A sharp sell-off in technology shares rippled across global markets, with the decline centered on the companies that supply the chips powering the artificial intelligence boom.

The trouble started in Asia. According to Investing.com, South Korea's KOSPI index slumped 8% and triggered a circuit breaker — an automatic trading halt — as a long-running AI rally reversed. A separate report carried by MSN said the KOSPI fell about 10% from a record high, dragging down the country's memory-chip giants Samsung Electronics and SK Hynix, both of which tumbled.

The pressure spread quickly. According to Yahoo Finance, Nasdaq and S&P 500 futures plunged as the global chip sell-off fueled fresh doubts about the AI trade, even amid progress in US-Iran talks. The Wall Street Journal described stock futures sliding as the technology sell-off spread, and The Times reported that jitters over AI spending were dragging markets lower. In India, Times Now reported the Sensex slid more than 500 points.

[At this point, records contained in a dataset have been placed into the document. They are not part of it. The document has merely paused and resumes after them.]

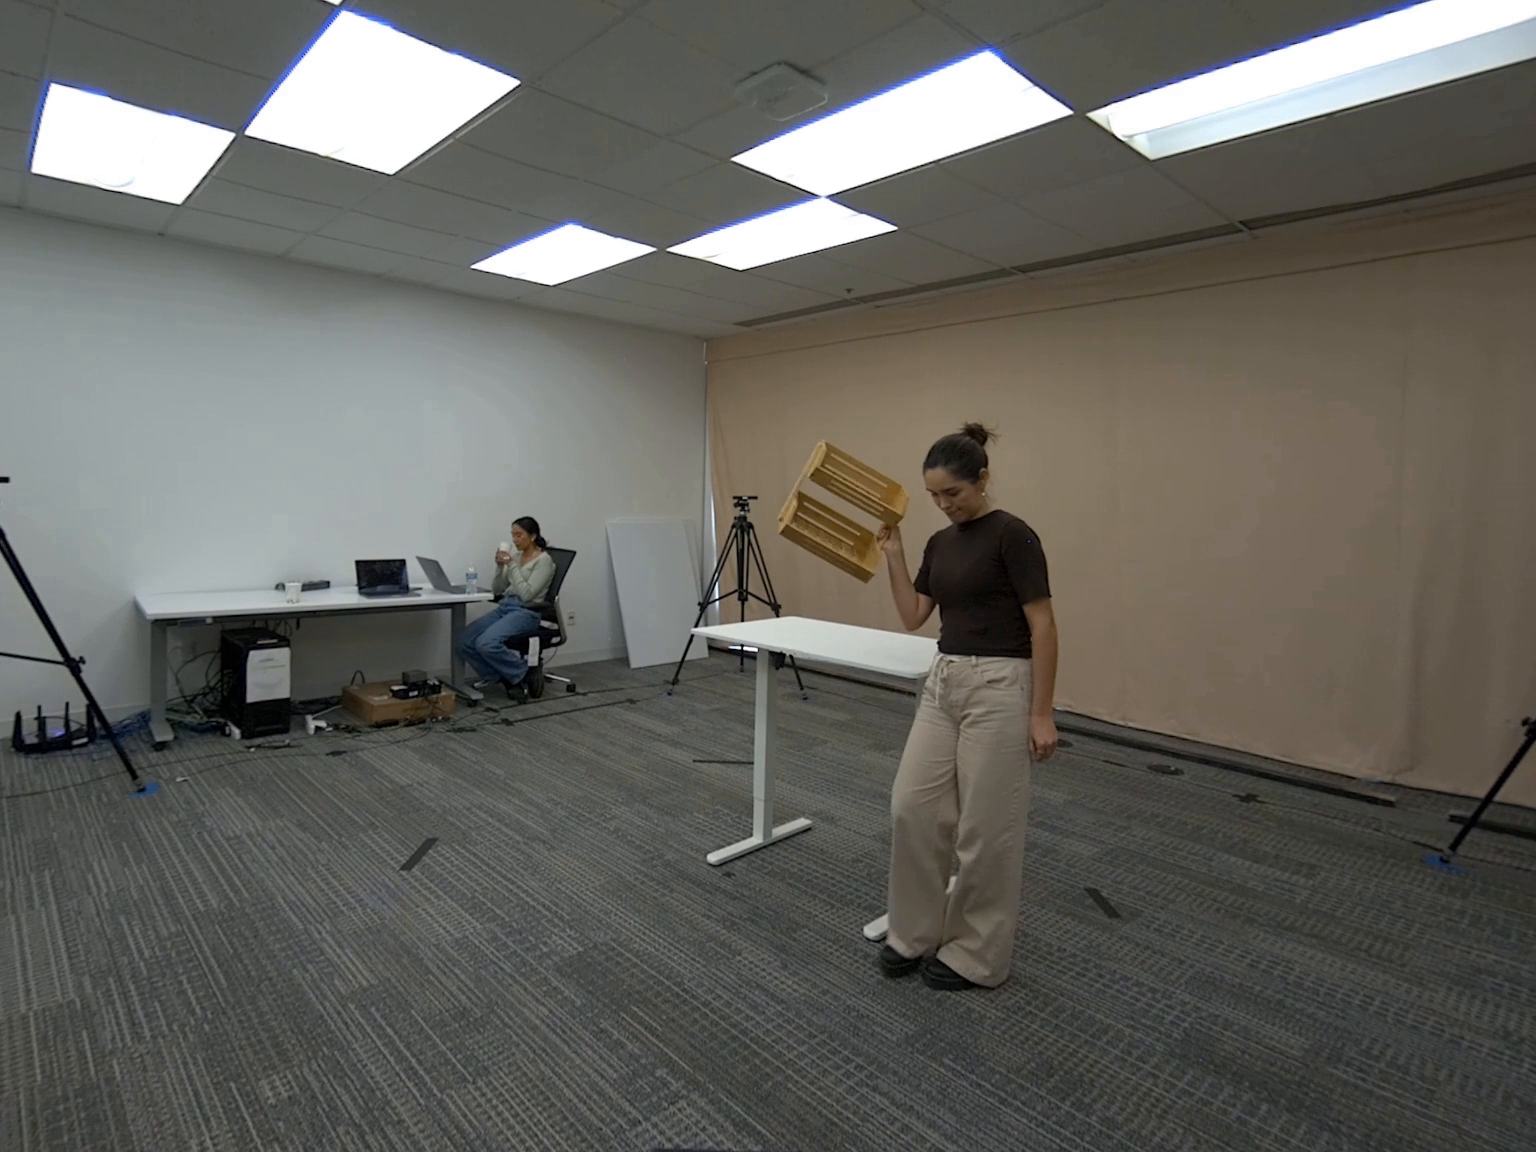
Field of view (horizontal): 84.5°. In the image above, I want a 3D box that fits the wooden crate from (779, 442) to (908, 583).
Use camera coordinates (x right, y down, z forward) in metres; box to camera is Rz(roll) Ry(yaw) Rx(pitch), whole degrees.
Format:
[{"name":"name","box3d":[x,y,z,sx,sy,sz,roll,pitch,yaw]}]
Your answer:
[{"name":"wooden crate","box3d":[0.228,-0.199,2.545,0.322,0.272,0.305,29,20,-7]}]
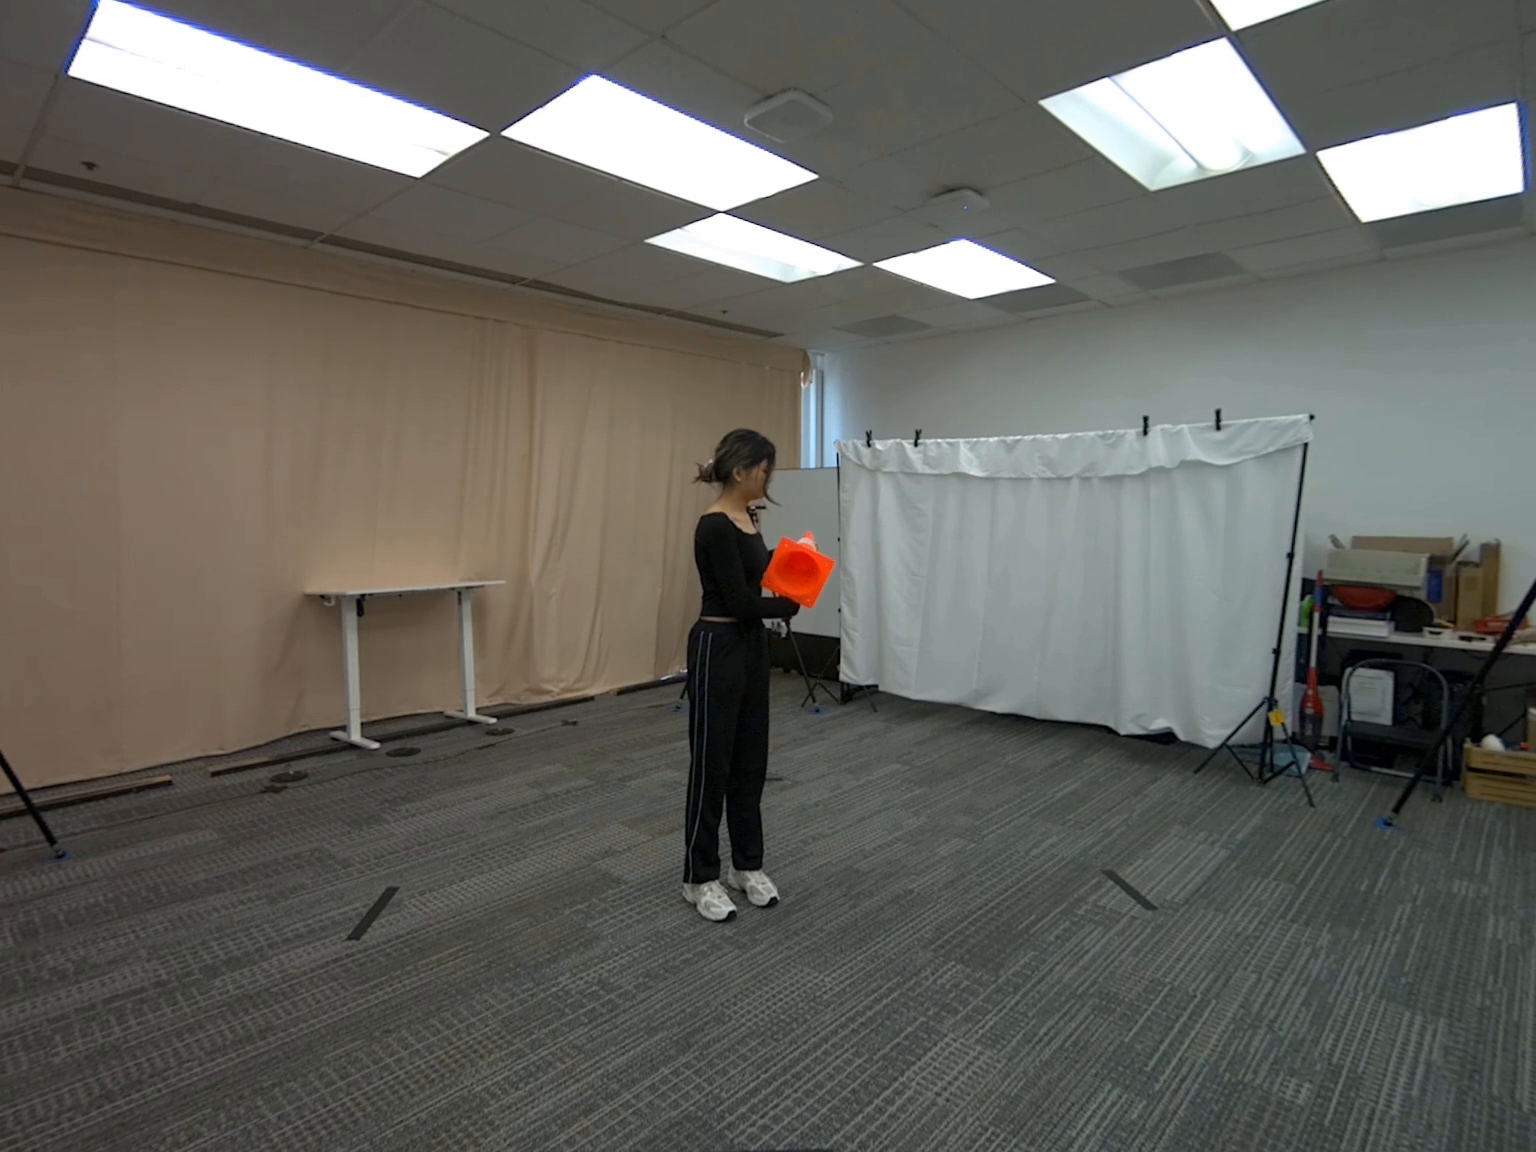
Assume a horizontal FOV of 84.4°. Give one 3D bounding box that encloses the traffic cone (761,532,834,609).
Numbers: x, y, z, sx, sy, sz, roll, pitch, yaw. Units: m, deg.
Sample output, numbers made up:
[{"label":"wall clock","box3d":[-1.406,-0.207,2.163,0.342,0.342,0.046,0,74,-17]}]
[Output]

The common thread is unease over how much money is being poured into AI. Memory and chip stocks have soared on expectations of relentless demand; when investors question whether that spending is sustainable, the same names tend to fall fastest. Korean memory makers, which sell the chips data centers rely on, became the early flashpoint.

Why it matters: AI-linked technology stocks have driven much of the recent gains in global markets, so when confidence in that spending wobbles, the losses spread far beyond any single company to investors around the world.